Lately I have been trying to be more conscious of not being so judgmental. It is something that
I struggle with. I have tried to ask myself, How can you help instead of judging, and if you can't then just don't think about it at all, Or pray for this situation or individual. Sometimes it is so difficult to do that.
Well for the last 3 days, I have been judging the gentleman in the photo below. I don't know how he can just sit there in his hoodie all day. Every time I look out side, he is sitting there just doing nothing. Probably smoking, wasting his time and money instead of supporting his baby.
Ugh!!! It has me frustrated!!!
Today I walked outside and just watched for a minute. And what I saw was ugly. He was not there anymore, or rather he was. But he wasn't what he seemed.
Yep, just take a closer look and you will see it too.
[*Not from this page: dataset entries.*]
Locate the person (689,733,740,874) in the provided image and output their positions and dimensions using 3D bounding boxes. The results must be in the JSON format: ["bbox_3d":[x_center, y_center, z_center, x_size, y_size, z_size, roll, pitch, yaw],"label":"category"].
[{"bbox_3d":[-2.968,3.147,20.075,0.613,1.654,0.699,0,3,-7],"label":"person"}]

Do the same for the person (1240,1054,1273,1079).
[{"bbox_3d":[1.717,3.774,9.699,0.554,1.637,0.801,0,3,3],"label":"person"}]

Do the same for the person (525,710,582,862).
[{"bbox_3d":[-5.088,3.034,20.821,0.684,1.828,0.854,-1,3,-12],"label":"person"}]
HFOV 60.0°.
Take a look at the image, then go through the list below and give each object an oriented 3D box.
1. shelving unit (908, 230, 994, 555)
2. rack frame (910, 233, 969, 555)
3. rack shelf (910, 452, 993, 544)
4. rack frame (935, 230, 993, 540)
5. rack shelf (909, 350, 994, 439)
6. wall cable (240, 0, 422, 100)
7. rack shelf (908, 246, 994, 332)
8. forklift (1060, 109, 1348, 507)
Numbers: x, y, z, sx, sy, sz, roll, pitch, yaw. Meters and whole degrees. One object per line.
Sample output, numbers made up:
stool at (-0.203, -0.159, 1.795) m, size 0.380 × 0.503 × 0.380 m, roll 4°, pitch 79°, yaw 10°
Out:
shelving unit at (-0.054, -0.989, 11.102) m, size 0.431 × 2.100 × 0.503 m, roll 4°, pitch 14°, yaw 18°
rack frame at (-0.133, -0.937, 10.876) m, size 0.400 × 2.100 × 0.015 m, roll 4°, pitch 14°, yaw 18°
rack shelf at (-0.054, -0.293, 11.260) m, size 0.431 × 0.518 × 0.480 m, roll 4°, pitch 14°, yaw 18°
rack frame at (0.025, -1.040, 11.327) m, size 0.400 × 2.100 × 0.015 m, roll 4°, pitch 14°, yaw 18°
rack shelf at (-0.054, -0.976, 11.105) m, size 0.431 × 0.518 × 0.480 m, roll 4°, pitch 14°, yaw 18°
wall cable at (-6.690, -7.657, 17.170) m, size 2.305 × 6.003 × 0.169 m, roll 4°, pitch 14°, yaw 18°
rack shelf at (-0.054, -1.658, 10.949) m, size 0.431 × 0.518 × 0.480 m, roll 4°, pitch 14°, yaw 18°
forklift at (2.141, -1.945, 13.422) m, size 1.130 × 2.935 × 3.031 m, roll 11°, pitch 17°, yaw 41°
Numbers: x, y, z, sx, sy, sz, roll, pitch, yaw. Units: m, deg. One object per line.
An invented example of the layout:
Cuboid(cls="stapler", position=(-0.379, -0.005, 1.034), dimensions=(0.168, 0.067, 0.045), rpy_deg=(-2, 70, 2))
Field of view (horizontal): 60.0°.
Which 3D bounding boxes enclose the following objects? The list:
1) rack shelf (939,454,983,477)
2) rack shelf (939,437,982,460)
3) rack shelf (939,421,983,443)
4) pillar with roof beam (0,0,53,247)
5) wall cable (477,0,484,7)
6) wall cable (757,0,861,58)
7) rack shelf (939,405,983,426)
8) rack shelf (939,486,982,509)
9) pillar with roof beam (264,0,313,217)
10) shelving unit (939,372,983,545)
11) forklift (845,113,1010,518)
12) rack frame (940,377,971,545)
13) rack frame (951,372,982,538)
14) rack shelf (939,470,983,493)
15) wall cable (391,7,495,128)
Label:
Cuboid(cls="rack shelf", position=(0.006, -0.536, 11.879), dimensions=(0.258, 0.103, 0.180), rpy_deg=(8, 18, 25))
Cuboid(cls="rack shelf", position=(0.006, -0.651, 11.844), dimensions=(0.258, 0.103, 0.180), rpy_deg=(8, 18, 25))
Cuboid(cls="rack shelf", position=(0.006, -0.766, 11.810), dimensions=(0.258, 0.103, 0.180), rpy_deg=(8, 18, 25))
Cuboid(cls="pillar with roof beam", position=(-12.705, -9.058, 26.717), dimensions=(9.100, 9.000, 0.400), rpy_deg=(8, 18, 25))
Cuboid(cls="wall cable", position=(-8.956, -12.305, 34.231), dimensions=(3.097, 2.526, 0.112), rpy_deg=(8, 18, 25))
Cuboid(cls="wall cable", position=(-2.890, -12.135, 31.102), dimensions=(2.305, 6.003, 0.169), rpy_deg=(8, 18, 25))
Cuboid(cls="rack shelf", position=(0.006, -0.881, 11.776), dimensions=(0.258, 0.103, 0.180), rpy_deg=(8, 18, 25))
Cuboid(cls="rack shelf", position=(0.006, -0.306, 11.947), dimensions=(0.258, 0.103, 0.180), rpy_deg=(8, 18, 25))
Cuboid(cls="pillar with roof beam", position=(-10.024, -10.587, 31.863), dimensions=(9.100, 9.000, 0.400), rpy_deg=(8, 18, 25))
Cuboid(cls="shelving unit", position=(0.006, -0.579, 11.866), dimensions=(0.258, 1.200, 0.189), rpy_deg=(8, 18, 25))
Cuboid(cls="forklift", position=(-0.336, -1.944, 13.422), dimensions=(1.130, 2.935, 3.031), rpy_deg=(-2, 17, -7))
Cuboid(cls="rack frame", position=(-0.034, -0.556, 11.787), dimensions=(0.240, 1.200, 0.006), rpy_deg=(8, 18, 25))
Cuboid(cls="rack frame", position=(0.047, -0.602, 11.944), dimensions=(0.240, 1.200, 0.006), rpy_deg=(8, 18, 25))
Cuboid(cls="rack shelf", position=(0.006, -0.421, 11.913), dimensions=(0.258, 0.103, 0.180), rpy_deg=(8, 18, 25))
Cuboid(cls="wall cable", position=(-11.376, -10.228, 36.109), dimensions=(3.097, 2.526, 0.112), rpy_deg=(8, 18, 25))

I realized that the "Man" I had been judging so harshly the last 3 days was in fact not even a man but a seat out of a car. The Ugly part comes when I realize how "quick to judge", I can be sometimes. I wasted precious energy and resources on my judgmental attitude of this neighbor. How do I feel about the whole situation? Ridiculous! to be sure. Confused... I could have prayed for this individual but in the end I would have been praying for an empty chair. I need to pray for my own eyes, to see things the way Christ would.
P.S. I am also making an appointment with the optometrist ASAP!